Peraltro, ad Harvard già si insegna animal law. I Paesi anglosassoni hanno una maggiore facilità ad adattarsi ai mutamenti della sensibilità collettiva, anche perché il loro ordinamento giuridico è basato maggiormente sui precedenti giurisprudenziali e questo li rende un po’ più al passo con i tempi. Noi ci mettiamo un po’ più di tempo ad adeguarci, dal punto di vista normativo, alle nuove sensibilità collettive, però poi abbiamo, per converso, delle codificazioni più strutturate e più approfondite. Facendo una comparazione devo dire che non siamo messi malissimo sulle norme che tutelano gli animali, ma ovviamente dobbiamo ancora fare molta strada per assicurare loro una tutela davvero adeguata.

Una delle attività che svolge la Lega per la Difesa del Cane è quella di collaborare con le istituzioni, sia quelle locali che quelle nazionali, anche con i parlamentari, con i quali abbiamo delle interlocuzioni quando ci sono progetti di legge che riguardano gli animali. Per esempio, sul recente Disegno di Legge Perilli, siamo stati convocati anche noi in audizione presso la Commissione Giustizia del Senato e abbiamo fornito le nostre osservazioni. Molte previsioni normative di quel disegno di legge sono attese da tempo e speriamo che vengano introdotte. Sulla base della nostra esperienza, poi, ci permettiamo anche di dare dei suggerimenti. Quando, per esempio, vediamo che molti processi per reati contro gli animali si chiudono con una messa alla prova, che è un istituto che non è stato citato nel precedente intervento, cerchiamo di fare in modo che questa possibilità non venga data agli autori di queste condotte. Per esempio, Striscia la Notizia seguì il caso – ne dico uno ma ne potrei citare tantissimi – di quel pastore sardo che, per punire un cane che aveva ucciso una pecora del suo gregge, lo legò dietro la macchina e lo trascinò. La cosa fu ancora più cruenta perché questo pastore, mentre stava guidando la macchina, incrociò un’auto dei Carabinieri che fecero inversione e lo inseguirono e quindi ci fu una scena drammatica con il pastore che scappava con il cane legato dietro e la macchina dei Carabinieri che lo inseguiva: una vicenda terribile che si è conclusa giudiziariamente con una semplice messa alla prova: il pastore è andato, credo, a fare le fotocopie negli uffici comunali proprio di fronte a casa sua ed è uscito con grande facilità dal processo. Quindi noi abbiamo suggerito, qualora non ci fosse l’aumento di pena fino a cinque anni per i reati di uccisione di animali proposto nel Disegno di Legge Perilli, che venga comunque stabilita un’ipotesi di sottrazione di questi reati da quelli per i quali è possibile richiedere la messa alla prova. Una sorta di norma speciale, come è stata fatta anche per la tenuità del fatto, che è un istituto non applicabile ai reati commessi con crudeltà in danno degli animali.

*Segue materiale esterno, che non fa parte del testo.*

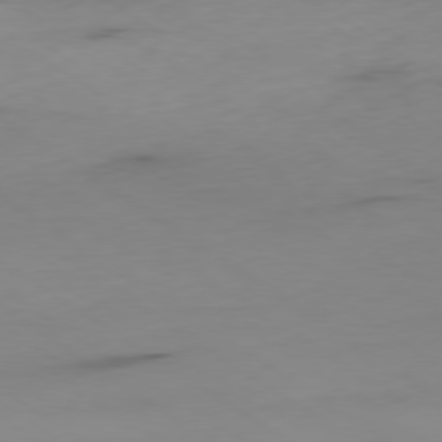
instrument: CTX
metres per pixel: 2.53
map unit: Ap
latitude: -79.6344
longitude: -57.9717
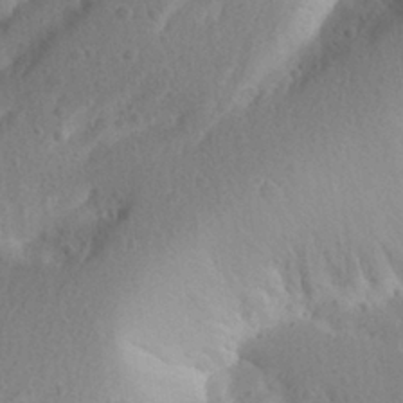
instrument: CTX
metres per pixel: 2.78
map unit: Aa
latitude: 27.4238
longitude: -145.1025
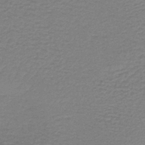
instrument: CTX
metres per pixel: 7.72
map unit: lHb
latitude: -40.3495
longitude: 63.2942
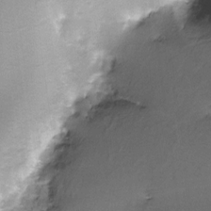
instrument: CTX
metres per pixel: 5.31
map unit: Nve
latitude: -24.5951
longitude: -109.2348
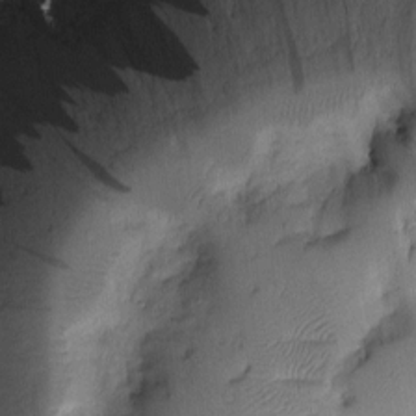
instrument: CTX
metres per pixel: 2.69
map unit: Htu
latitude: -2.7841
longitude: 172.3684
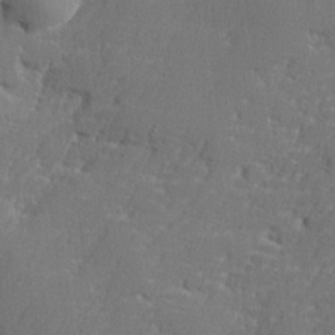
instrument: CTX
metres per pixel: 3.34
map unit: lHvf
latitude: 24.3278
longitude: 141.2754
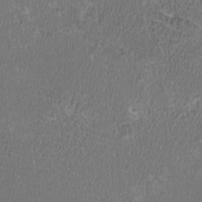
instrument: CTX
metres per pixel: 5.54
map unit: HNhu
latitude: -3.0297
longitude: -0.9324
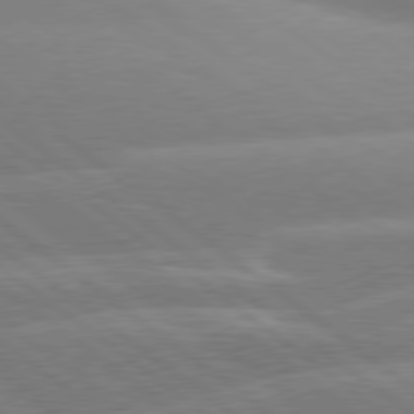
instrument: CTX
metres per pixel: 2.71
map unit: Hpe
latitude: 78.9892
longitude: -129.4615
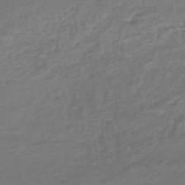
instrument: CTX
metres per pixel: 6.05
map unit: lHb
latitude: -43.0864
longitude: 72.5196
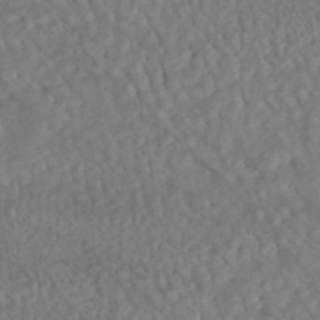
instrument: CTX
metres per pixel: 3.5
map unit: HNhu
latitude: -45.8233
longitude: 106.9731
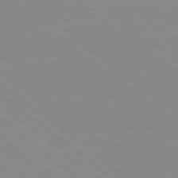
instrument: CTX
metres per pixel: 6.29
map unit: Hpe
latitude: 78.5357
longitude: -124.4223
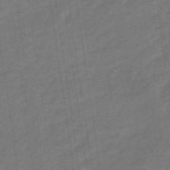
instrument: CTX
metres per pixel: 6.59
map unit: eHb
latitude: -47.4265
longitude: 87.2187
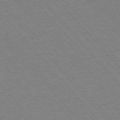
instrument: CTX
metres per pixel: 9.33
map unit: Ap
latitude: -76.3495
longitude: -86.7435
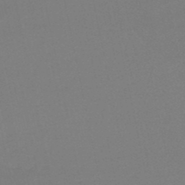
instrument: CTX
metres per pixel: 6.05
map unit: eHb
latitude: -49.7100
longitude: 77.5588
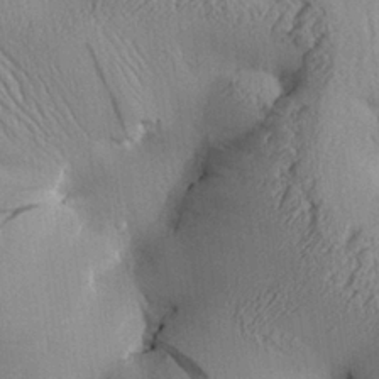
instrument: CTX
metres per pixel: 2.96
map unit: Aa
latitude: 25.7638
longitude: -134.0444
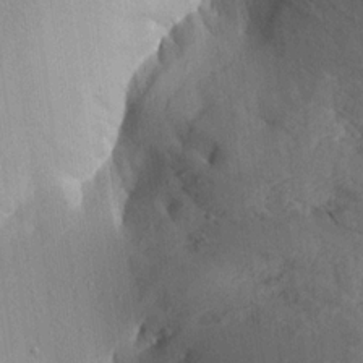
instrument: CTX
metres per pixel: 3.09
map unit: Aa
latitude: 16.0633
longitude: -145.9528
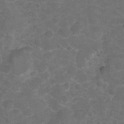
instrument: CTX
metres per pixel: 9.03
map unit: Hto
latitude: 4.9514
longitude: -31.4238
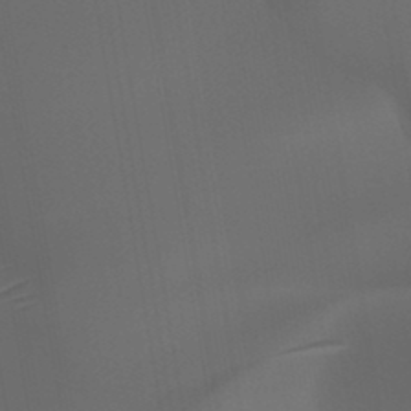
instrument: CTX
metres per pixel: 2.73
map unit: HNhu
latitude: -47.5021
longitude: 30.7652
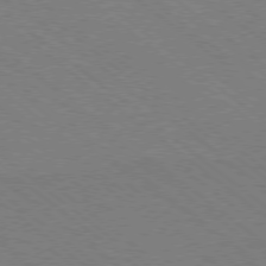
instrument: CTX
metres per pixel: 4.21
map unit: Ap
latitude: -79.0675
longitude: -65.0647
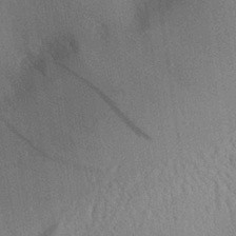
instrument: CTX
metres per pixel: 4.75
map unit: Aa
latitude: 29.9717
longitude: -144.0444
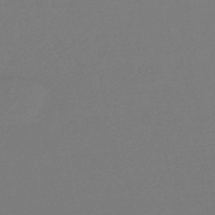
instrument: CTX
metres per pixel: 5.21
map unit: HNb
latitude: -46.9541
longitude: 56.9541
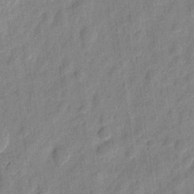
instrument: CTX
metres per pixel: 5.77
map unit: eHh
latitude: 7.9906
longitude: -74.2900
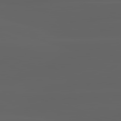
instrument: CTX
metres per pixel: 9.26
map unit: lApd
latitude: 82.8946
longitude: -133.9528
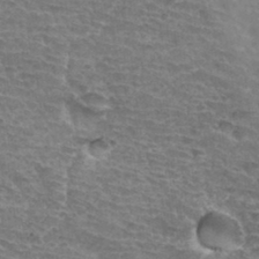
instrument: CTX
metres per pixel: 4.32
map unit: Hto
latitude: 34.1955
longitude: -44.6868
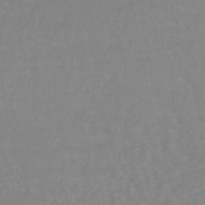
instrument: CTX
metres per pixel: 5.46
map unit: lHb
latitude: -40.5574
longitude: 65.2754
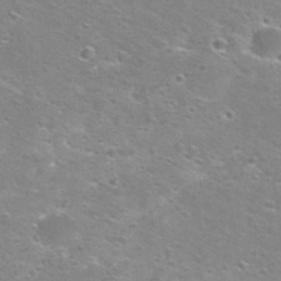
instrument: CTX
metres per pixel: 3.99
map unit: Nhu
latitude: 29.3104
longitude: -49.2915
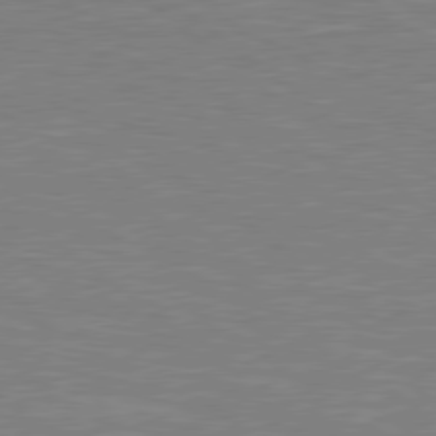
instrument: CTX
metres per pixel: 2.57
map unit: Hpe
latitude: 79.1403
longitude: -125.6693
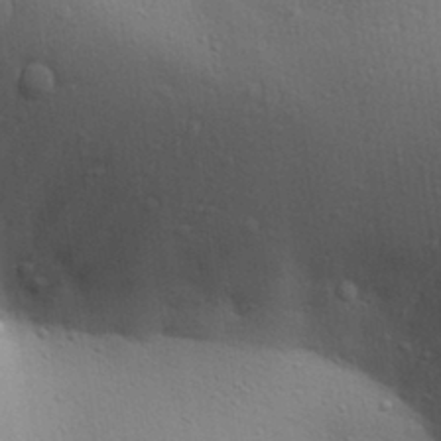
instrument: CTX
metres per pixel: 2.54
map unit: Aa
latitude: 30.7813
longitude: -145.6883
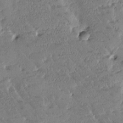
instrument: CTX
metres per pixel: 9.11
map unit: Htu
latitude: -1.8423
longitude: 176.0850
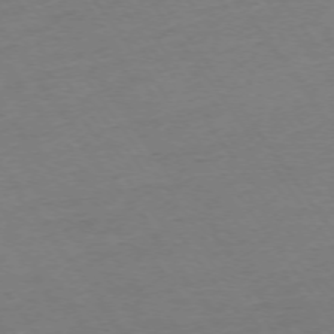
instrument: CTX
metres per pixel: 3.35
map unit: Ap
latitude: -74.3496
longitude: -85.1214
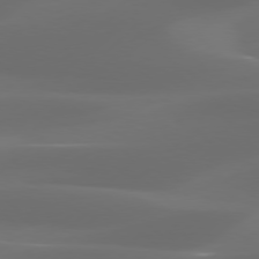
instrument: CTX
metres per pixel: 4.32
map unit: Hpe
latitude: 76.5168
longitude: -131.9528
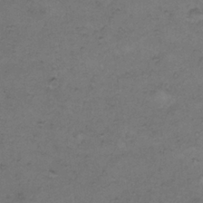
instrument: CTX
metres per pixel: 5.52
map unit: Hto
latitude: 9.5371
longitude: -60.3467
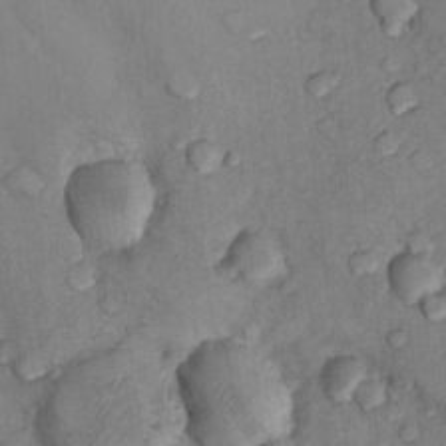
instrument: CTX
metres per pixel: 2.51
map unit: Nhu
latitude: 9.0459
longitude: -25.6693
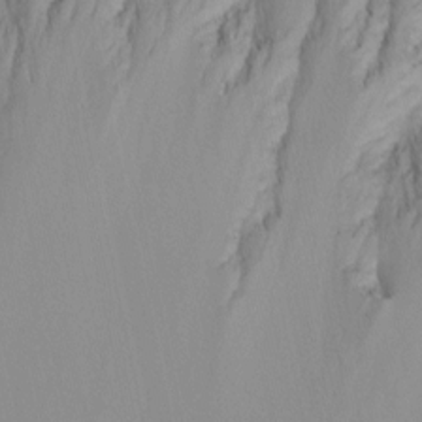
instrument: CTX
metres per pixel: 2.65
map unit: Nhu
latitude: -13.4077
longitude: -65.5749
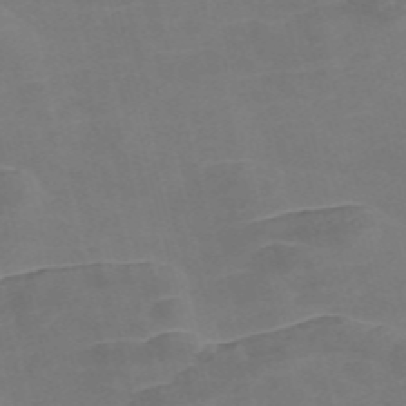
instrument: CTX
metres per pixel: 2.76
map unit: Nve
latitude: -57.0675
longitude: 52.7652
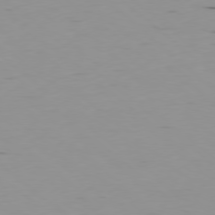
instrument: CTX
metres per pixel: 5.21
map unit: Hpe
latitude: -78.7841
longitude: 12.1228
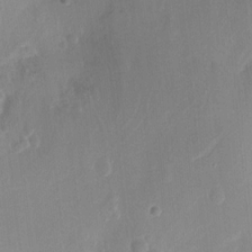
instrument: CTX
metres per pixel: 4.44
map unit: Hto
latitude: -12.8975
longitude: -39.1970
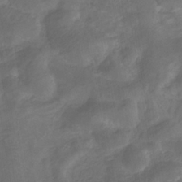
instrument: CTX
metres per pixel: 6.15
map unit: eHb
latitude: -33.0865
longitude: 72.2928
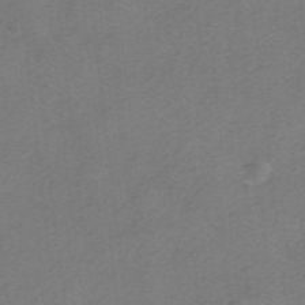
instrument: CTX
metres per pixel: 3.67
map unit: HNhu
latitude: -40.6518
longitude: 103.7667
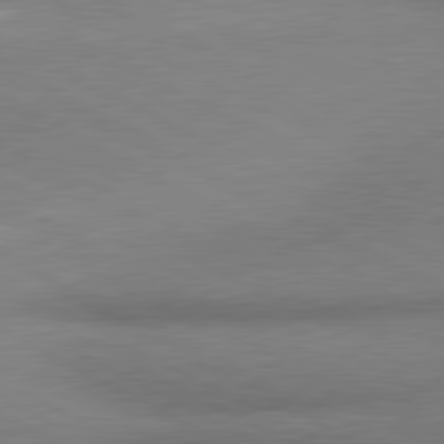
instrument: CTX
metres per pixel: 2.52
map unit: lApd
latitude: 80.6868
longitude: 165.5210
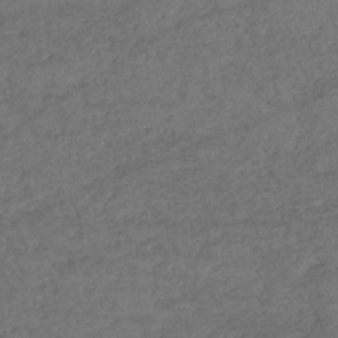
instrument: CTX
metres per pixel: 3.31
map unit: lHb
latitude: -39.8423
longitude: 68.6518
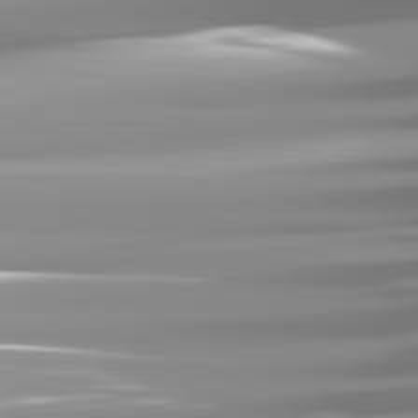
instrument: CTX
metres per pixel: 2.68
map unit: lApd
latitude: 81.8772
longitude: -139.7261
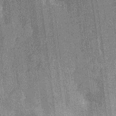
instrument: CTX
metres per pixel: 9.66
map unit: Nhu
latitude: -13.8234
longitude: -23.9528
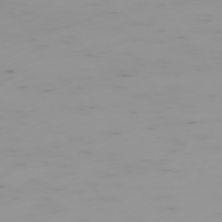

Inoltre, collaboriamo molto con le amministrazioni territoriali, a volte anche cercando, nel nostro piccolo, di dare un contributo per il controllo del territorio. Noi formiamo le nostre guardie zoofile, che sono espressamente riconosciute anche dalla Legge 189/2004.  Lo erano già prima, ma hanno avuto un ulteriore riconoscimento da questa normativa. Diciamo che le Guardie Zoofile sono a tutti gli effetti degli agenti di Polizia giudiziaria, ovviamente con compiti limitati alla tutela degli animali d’affezione. Hanno inoltre una competenza territoriale limitata su base provinciale. Però, laddove le Guardie zoofile si comportano bene, riescono a stabilire dei buoni rapporti anche con la Procura e i Pubblici Ministeri si accorgono di potersi avvalere effettivamente della loro collaborazione, ottengono deleghe anche per attività importanti, come sopralluoghi, assunzione di sommarie informazioni, eccetera. Quella della formazione delle Guardie zoofile è dunque un’altra attività che viene svolta dalla Lega per la Difesa del Cane.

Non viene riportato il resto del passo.